Saturday. The final night out in Tucumcari before pressing on to Durant, Oklahoma. The crew, somewhat testy the night before from cumulative exhaustion, has bounced back now that the end is in sight—and knowing they'll knock off by midnight, before running into Sunday "golden time."
They are doing a rain sequence 35 miles out of town—a local fire truck providing special effects. Laurie must jump out of the Car and dance around in the "rain." Her head is soaked and no-one has thought to bring a drier. She huddles for two hours in a car with the heater running. James temporarily refuses to move without his sweater but finally overcomes physical anguish. Dennis is outright freezing; there is no dry T-shirt for him. Pure energy keeps him alive and well.
Out on the windy highway there is, get this, chateaubriand for dinner—maintaining its own dignity amidst the long bare tables and folding chairs and harsh naked lights. All at once, real rain and thunder happen. The crew packs and moves closer to town in search of a dry spot. (Rain in these parts cuts off as abruptly as light and shadow; you can stand with one foot in and one foot out.)
There is a surprise satisfaction—a very good drag scene has been shot. The sense of speed has been recaptured after this week of toil, desolation and darkness. And suddenly it is over. Something is over. A week. A week in which Monte Hellman, who began with the exact faces he wanted, tried very hard to get the feelings to match. His work will continue into the cutting room, he is his own editor. ("I can't look over someone's shoulder. I need my hand on the brake.") He is not working from the standard rough cut; shooting the film pretty much in sequence has allowed him to piece together a semi-fine cut as he goes.
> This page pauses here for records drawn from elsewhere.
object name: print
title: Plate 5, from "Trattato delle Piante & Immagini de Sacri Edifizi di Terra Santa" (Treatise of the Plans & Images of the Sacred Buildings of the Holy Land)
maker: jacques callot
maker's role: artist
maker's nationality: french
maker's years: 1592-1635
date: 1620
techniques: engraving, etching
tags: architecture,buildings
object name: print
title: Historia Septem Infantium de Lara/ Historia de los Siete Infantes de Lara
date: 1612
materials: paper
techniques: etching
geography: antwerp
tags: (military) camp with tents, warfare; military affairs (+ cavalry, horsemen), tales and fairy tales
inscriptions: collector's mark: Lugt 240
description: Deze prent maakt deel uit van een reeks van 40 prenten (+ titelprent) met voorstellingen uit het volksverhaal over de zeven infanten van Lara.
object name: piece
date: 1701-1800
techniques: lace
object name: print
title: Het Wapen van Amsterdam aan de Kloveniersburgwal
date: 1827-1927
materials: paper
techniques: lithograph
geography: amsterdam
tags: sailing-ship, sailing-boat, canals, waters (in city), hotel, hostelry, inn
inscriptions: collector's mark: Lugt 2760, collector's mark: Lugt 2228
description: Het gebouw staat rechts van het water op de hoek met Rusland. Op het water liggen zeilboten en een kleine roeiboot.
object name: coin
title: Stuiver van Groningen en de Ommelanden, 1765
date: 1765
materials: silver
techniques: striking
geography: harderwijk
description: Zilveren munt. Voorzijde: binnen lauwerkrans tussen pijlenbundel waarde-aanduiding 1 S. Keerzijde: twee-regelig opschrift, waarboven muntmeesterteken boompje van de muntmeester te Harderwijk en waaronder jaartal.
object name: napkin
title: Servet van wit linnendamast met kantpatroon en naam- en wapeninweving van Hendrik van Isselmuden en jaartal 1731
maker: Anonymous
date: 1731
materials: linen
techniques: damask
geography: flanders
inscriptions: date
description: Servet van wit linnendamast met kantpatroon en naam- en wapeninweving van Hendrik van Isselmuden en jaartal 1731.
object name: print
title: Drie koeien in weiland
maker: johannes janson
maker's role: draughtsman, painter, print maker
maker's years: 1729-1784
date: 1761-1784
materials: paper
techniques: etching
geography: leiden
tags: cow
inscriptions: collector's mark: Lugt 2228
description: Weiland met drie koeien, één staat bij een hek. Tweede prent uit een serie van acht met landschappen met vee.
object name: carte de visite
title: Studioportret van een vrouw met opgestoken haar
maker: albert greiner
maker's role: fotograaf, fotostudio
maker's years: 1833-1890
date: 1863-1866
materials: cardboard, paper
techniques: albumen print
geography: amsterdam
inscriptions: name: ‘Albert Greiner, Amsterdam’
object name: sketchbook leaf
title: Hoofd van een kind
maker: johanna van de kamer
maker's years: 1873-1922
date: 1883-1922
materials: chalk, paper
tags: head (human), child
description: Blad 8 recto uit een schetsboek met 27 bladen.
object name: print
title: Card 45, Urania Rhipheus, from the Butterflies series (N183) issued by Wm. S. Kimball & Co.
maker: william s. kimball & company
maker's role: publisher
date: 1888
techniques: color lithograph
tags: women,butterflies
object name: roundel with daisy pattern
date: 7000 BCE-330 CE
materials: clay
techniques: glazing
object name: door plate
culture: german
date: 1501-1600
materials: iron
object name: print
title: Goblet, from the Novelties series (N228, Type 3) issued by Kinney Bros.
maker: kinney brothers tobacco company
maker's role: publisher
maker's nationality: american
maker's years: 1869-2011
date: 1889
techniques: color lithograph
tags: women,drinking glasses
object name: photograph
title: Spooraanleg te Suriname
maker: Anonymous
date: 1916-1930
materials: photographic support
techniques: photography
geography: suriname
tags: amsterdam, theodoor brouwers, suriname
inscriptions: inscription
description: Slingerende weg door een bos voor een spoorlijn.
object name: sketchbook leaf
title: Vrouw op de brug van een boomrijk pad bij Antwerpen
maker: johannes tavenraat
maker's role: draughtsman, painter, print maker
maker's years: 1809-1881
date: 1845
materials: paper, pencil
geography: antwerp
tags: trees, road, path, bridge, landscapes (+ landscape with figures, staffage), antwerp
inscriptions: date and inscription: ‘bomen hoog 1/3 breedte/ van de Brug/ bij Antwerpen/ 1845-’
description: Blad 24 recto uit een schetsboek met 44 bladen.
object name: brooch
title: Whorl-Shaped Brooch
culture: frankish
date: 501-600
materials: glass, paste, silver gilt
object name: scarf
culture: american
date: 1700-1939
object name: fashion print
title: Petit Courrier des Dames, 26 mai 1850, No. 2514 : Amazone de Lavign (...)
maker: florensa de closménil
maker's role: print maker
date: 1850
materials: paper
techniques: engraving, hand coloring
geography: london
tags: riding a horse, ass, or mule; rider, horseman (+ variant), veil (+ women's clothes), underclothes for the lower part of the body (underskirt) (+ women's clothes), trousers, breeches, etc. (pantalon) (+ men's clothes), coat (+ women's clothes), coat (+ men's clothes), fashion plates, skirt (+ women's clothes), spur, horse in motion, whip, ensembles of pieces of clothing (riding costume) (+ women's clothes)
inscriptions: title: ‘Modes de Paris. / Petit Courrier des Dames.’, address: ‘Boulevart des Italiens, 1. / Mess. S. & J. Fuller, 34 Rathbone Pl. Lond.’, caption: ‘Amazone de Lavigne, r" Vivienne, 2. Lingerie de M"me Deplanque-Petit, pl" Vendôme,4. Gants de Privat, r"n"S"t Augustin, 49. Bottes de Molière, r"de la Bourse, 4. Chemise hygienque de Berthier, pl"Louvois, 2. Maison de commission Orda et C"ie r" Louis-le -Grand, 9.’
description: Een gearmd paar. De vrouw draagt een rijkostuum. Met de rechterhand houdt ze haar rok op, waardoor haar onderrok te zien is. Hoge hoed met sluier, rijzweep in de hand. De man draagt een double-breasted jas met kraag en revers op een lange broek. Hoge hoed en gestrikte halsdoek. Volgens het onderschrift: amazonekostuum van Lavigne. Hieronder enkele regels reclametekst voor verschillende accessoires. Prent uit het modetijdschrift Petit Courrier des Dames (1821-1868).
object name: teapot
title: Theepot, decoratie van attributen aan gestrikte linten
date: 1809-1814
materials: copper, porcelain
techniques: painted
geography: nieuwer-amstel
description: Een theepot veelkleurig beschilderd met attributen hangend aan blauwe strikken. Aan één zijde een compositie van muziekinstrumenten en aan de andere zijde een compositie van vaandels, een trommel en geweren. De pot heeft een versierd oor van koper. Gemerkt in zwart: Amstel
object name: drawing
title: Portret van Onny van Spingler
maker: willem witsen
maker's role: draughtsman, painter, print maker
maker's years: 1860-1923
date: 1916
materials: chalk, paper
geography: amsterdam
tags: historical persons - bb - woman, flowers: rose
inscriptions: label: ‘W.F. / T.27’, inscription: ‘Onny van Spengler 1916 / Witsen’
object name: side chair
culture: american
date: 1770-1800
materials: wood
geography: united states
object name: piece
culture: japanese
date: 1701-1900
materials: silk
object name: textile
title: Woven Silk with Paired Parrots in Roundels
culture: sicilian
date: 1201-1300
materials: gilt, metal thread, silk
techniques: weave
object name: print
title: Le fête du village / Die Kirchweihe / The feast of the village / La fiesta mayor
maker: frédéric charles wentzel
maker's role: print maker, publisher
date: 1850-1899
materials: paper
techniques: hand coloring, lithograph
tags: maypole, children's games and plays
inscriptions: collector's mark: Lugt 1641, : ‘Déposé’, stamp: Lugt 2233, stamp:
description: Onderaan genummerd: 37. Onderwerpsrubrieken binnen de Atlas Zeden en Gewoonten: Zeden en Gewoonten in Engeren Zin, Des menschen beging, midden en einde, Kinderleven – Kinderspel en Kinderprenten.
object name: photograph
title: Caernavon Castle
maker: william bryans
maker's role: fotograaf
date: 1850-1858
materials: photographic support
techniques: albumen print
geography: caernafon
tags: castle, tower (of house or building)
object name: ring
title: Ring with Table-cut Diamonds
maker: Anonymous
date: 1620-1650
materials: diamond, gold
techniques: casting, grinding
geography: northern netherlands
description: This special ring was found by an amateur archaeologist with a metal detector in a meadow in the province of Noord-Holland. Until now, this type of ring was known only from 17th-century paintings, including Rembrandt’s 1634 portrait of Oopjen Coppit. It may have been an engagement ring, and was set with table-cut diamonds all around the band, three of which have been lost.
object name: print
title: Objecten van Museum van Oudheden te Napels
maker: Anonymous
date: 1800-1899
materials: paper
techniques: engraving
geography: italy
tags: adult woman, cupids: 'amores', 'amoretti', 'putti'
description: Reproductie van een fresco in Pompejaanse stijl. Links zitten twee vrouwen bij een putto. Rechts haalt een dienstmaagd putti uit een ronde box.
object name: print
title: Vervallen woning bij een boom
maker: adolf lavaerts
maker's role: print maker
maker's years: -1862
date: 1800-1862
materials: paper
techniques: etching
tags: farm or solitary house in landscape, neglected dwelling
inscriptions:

At breakfast Sunday morning he is beat but confident. He likes each set of dailies better than the last. The night scene with all four characters has pleased him. "I had dreaded it before. Long. Difficult. The middle of the night. The middle of nowhere. Ten minutes of blackness. Everyone will go buy popcorn...." He is frankly awed by the way they have managed to stay on schedule—this despite a month trimmed off the original 12 weeks, plus Laurie's mysterious fever that had her hospitalized briefly. He attributed the efficiency to associate producer Gary Kurtz ("a genius") who worked on Monte's two westerns. Monte generalizes about filmmaking. "There are no vacations really in the movie busines. You can't relax when you're out of work, and if you do know what you'll be doing, you're working even if production hasn't started." For the first time in his life, he knows what his next project will be—Pat Garrett and Billy the Kid (another Rudy Wurlitzer Screenplay). Both Dennis and James are intrigued with film but want to be boss next time. Laurie is staying loose. Warren is probably working.
And sometime this spring you can see them all in this movie that will be their past, but, if Monte's will prevails, your future. A cinematic Rorschach." I hope it will turn audiences into themselves." Working on a subconscious level. He leaves breakfast to contemplate tomorrow and Durant. I get on the Greyhound that takes big 66 to Albuquerque, and leaves the two-lane blacktops to themselves.